Dive Brief:
- Ra Pharmaceuticals' lead candidate looks to be off to a good start in a mid-stage study evaluating it as a treatment for patients with a rare cell disorder, according to early results disclosed Tuesday.
- The drug, RA101495, aims to inhibit a segment of the immune system that helps eliminate invading microbes and damaged cells. Patients with an uncommon condition known as paroxysmal nocturnal hemoglobinuria (PNH) develop defective red blood cells, which that immune segment can easily destroy. In severe cases, PNH leads to blood clots and kidney disease.
- So far, three PNH are enrolled in the Phase 2, open-label, uncontrolled study of Ra's medicine, two of which have made it past sevenweeks of follow up. The drug has demonstrated no safety concerns, while participants are showing significantly lower levels of lactate dehydrogenase (LDH), an enzyme found more readily in the blood when blood cells break apart.
Dive Insight:
Alexion's Soliris (eculizumab) became the first Food and Drug Administration approved treatment for PNH back in 2007. Since then, the drug gained notoriety both for its high price tag and ability to rake in cash. Soliris' net sales reached $2.84 billion last year.
While some of that revenue came from the its other indication in atypical hemolytic uremic syndrome, the drug still accounted for more than 92% of Alexion's annual product sales
Other drugmakers have taken notice of those strong returns. Alnylam has its own PNH-focused treatment, ALN-CC5, in Phase 1/2 development, and reported positive results back in December. Interestingly, Sanofi decided around that time to not to exercise an option to claim rights to the drug. Akari also has an investigational medication, coversin, though it has been marred by recent controversy.
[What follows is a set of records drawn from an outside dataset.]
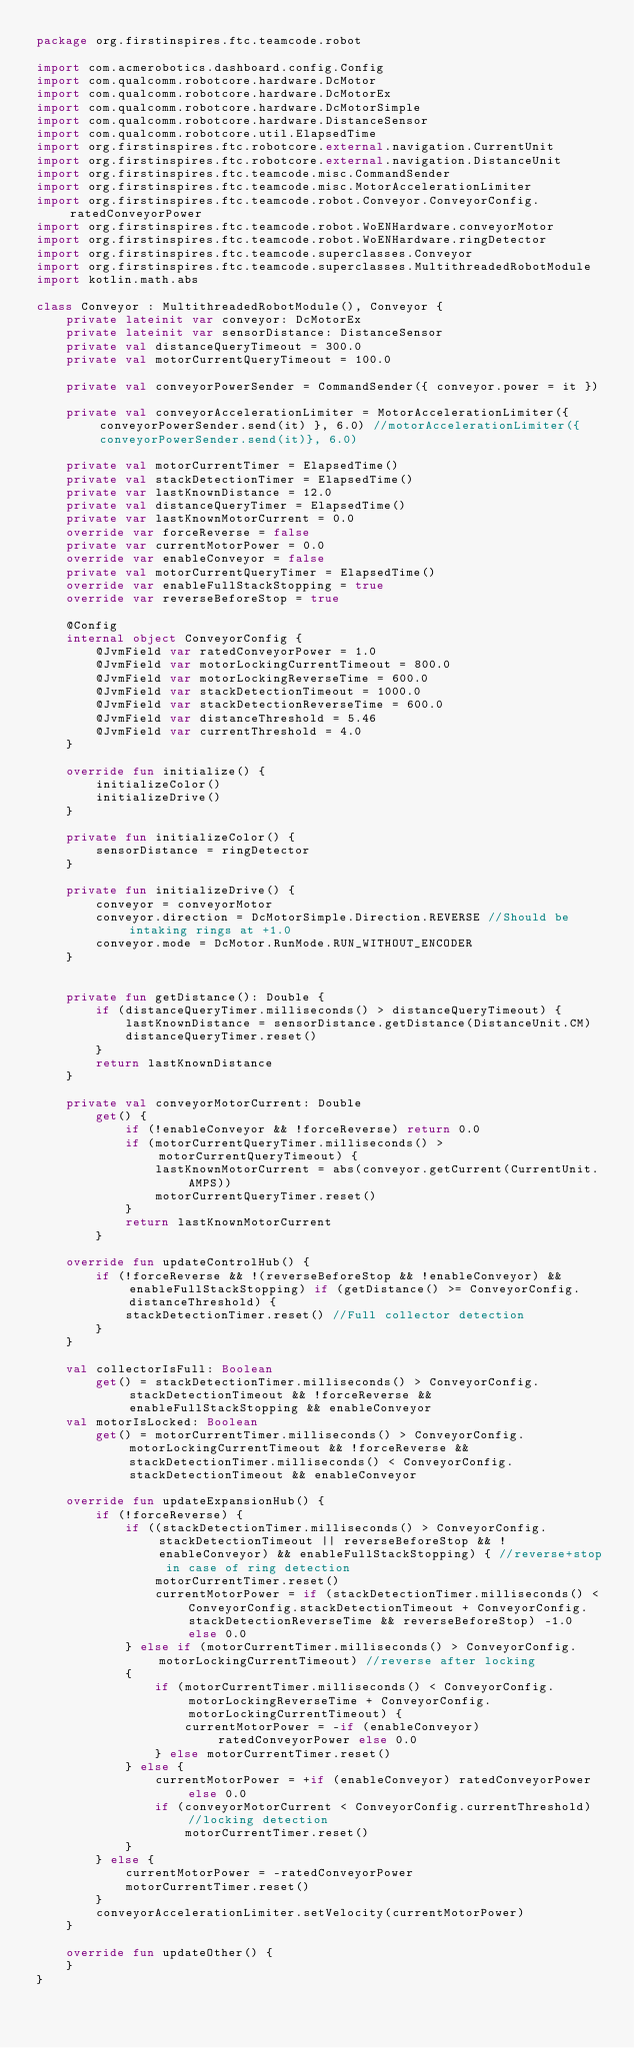Convert code to text. <code><loc_0><loc_0><loc_500><loc_500><_Kotlin_>package org.firstinspires.ftc.teamcode.robot

import com.acmerobotics.dashboard.config.Config
import com.qualcomm.robotcore.hardware.DcMotor
import com.qualcomm.robotcore.hardware.DcMotorEx
import com.qualcomm.robotcore.hardware.DcMotorSimple
import com.qualcomm.robotcore.hardware.DistanceSensor
import com.qualcomm.robotcore.util.ElapsedTime
import org.firstinspires.ftc.robotcore.external.navigation.CurrentUnit
import org.firstinspires.ftc.robotcore.external.navigation.DistanceUnit
import org.firstinspires.ftc.teamcode.misc.CommandSender
import org.firstinspires.ftc.teamcode.misc.MotorAccelerationLimiter
import org.firstinspires.ftc.teamcode.robot.Conveyor.ConveyorConfig.ratedConveyorPower
import org.firstinspires.ftc.teamcode.robot.WoENHardware.conveyorMotor
import org.firstinspires.ftc.teamcode.robot.WoENHardware.ringDetector
import org.firstinspires.ftc.teamcode.superclasses.Conveyor
import org.firstinspires.ftc.teamcode.superclasses.MultithreadedRobotModule
import kotlin.math.abs

class Conveyor : MultithreadedRobotModule(), Conveyor {
    private lateinit var conveyor: DcMotorEx
    private lateinit var sensorDistance: DistanceSensor
    private val distanceQueryTimeout = 300.0
    private val motorCurrentQueryTimeout = 100.0

    private val conveyorPowerSender = CommandSender({ conveyor.power = it })

    private val conveyorAccelerationLimiter = MotorAccelerationLimiter({ conveyorPowerSender.send(it) }, 6.0) //motorAccelerationLimiter({conveyorPowerSender.send(it)}, 6.0)

    private val motorCurrentTimer = ElapsedTime()
    private val stackDetectionTimer = ElapsedTime()
    private var lastKnownDistance = 12.0
    private val distanceQueryTimer = ElapsedTime()
    private var lastKnownMotorCurrent = 0.0
    override var forceReverse = false
    private var currentMotorPower = 0.0
    override var enableConveyor = false
    private val motorCurrentQueryTimer = ElapsedTime()
    override var enableFullStackStopping = true
    override var reverseBeforeStop = true

    @Config
    internal object ConveyorConfig {
        @JvmField var ratedConveyorPower = 1.0
        @JvmField var motorLockingCurrentTimeout = 800.0
        @JvmField var motorLockingReverseTime = 600.0
        @JvmField var stackDetectionTimeout = 1000.0
        @JvmField var stackDetectionReverseTime = 600.0
        @JvmField var distanceThreshold = 5.46
        @JvmField var currentThreshold = 4.0
    }

    override fun initialize() {
        initializeColor()
        initializeDrive()
    }

    private fun initializeColor() {
        sensorDistance = ringDetector
    }

    private fun initializeDrive() {
        conveyor = conveyorMotor
        conveyor.direction = DcMotorSimple.Direction.REVERSE //Should be intaking rings at +1.0
        conveyor.mode = DcMotor.RunMode.RUN_WITHOUT_ENCODER
    }


    private fun getDistance(): Double {
        if (distanceQueryTimer.milliseconds() > distanceQueryTimeout) {
            lastKnownDistance = sensorDistance.getDistance(DistanceUnit.CM)
            distanceQueryTimer.reset()
        }
        return lastKnownDistance
    }

    private val conveyorMotorCurrent: Double
        get() {
            if (!enableConveyor && !forceReverse) return 0.0
            if (motorCurrentQueryTimer.milliseconds() > motorCurrentQueryTimeout) {
                lastKnownMotorCurrent = abs(conveyor.getCurrent(CurrentUnit.AMPS))
                motorCurrentQueryTimer.reset()
            }
            return lastKnownMotorCurrent
        }

    override fun updateControlHub() {
        if (!forceReverse && !(reverseBeforeStop && !enableConveyor) && enableFullStackStopping) if (getDistance() >= ConveyorConfig.distanceThreshold) {
            stackDetectionTimer.reset() //Full collector detection
        }
    }

    val collectorIsFull: Boolean
        get() = stackDetectionTimer.milliseconds() > ConveyorConfig.stackDetectionTimeout && !forceReverse && enableFullStackStopping && enableConveyor
    val motorIsLocked: Boolean
        get() = motorCurrentTimer.milliseconds() > ConveyorConfig.motorLockingCurrentTimeout && !forceReverse && stackDetectionTimer.milliseconds() < ConveyorConfig.stackDetectionTimeout && enableConveyor

    override fun updateExpansionHub() {
        if (!forceReverse) {
            if ((stackDetectionTimer.milliseconds() > ConveyorConfig.stackDetectionTimeout || reverseBeforeStop && !enableConveyor) && enableFullStackStopping) { //reverse+stop in case of ring detection
                motorCurrentTimer.reset()
                currentMotorPower = if (stackDetectionTimer.milliseconds() < ConveyorConfig.stackDetectionTimeout + ConveyorConfig.stackDetectionReverseTime && reverseBeforeStop) -1.0 else 0.0
            } else if (motorCurrentTimer.milliseconds() > ConveyorConfig.motorLockingCurrentTimeout) //reverse after locking
            {
                if (motorCurrentTimer.milliseconds() < ConveyorConfig.motorLockingReverseTime + ConveyorConfig.motorLockingCurrentTimeout) {
                    currentMotorPower = -if (enableConveyor) ratedConveyorPower else 0.0
                } else motorCurrentTimer.reset()
            } else {
                currentMotorPower = +if (enableConveyor) ratedConveyorPower else 0.0
                if (conveyorMotorCurrent < ConveyorConfig.currentThreshold) //locking detection
                    motorCurrentTimer.reset()
            }
        } else {
            currentMotorPower = -ratedConveyorPower
            motorCurrentTimer.reset()
        }
        conveyorAccelerationLimiter.setVelocity(currentMotorPower)
    }

    override fun updateOther() {
    }
}</code> 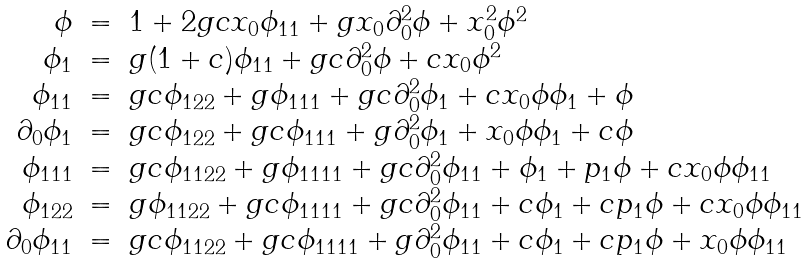Convert formula to latex. <formula><loc_0><loc_0><loc_500><loc_500>\begin{array} { r c l } \phi & = & 1 + 2 g c x _ { 0 } \phi _ { 1 1 } + g x _ { 0 } \partial _ { 0 } ^ { 2 } \phi + x _ { 0 } ^ { 2 } \phi ^ { 2 } \\ \phi _ { 1 } & = & g ( 1 + c ) \phi _ { 1 1 } + g c \partial _ { 0 } ^ { 2 } \phi + c x _ { 0 } \phi ^ { 2 } \\ \phi _ { 1 1 } & = & g c \phi _ { 1 2 2 } + g \phi _ { 1 1 1 } + g c \partial ^ { 2 } _ { 0 } \phi _ { 1 } + c x _ { 0 } \phi \phi _ { 1 } + \phi \\ \partial _ { 0 } \phi _ { 1 } & = & g c \phi _ { 1 2 2 } + g c \phi _ { 1 1 1 } + g \partial ^ { 2 } _ { 0 } \phi _ { 1 } + x _ { 0 } \phi \phi _ { 1 } + c \phi \\ \phi _ { 1 1 1 } & = & g c \phi _ { 1 1 2 2 } + g \phi _ { 1 1 1 1 } + g c \partial ^ { 2 } _ { 0 } \phi _ { 1 1 } + \phi _ { 1 } + p _ { 1 } \phi + c x _ { 0 } \phi \phi _ { 1 1 } \\ \phi _ { 1 2 2 } & = & g \phi _ { 1 1 2 2 } + g c \phi _ { 1 1 1 1 } + g c \partial ^ { 2 } _ { 0 } \phi _ { 1 1 } + c \phi _ { 1 } + c p _ { 1 } \phi + c x _ { 0 } \phi \phi _ { 1 1 } \\ \partial _ { 0 } \phi _ { 1 1 } & = & g c \phi _ { 1 1 2 2 } + g c \phi _ { 1 1 1 1 } + g \partial _ { 0 } ^ { 2 } \phi _ { 1 1 } + c \phi _ { 1 } + c p _ { 1 } \phi + x _ { 0 } \phi \phi _ { 1 1 } \end{array} \label l { e q \colon 3 s p 7 }</formula>

As for Ra, while the early results bode well for its drug, investors aren't exactly sold. The company's stock fell nearly 7% on Tuesday, closing at $17.69 apiece.
Investment bank Jefferies proposed that the stock drop was due to variability between the results from the two patients. One had baseline LDH levels of 3.7 times the upper normal limit and demonstrated 1.85 times by seven weeks, while the other had 3.2 times at baseline and 1.3 times at the follow up.
"We are encouraged by clean safety/tolerability & clear [proof of concept] effect for lead RA101495," Jefferies said in a June 27 note. "Caution is two patients data tends to magnify variability, but its effect on LDH levels seem comparable to Soliris early [weeks] of dosing."
Another potential source of concern was that one patient developed breakthrough hemolysis at week six, though Ra reported it was quickly resolved and "most likely due to a viral infection."
Ra's Phase 2 study is set up to enroll 28 total patients across three cohorts. The first, Cohort A, is for patients who haven't received treatment with Soliris, and includes the three participants already enrolled. A review of the topline data from Cohort A will allow the company to move forward with Cohort B, which will assess patients switching from Soliris to RA101495.
The third piece of the trial stands to evaluate Ra's drug for patients on Alexion's, but who are not responding to it.
"Currently, the only approved treatment for PNH is a monoclonal antibody which must be administered intravenously every two weeks by healthcare professionals," Principal Investigator Anita Hill said in a June 27 statement from Ra. "As a once daily, self-administered, subcutaneous therapy, RA101495 has the potential to offer a convenient option for patients with PNH."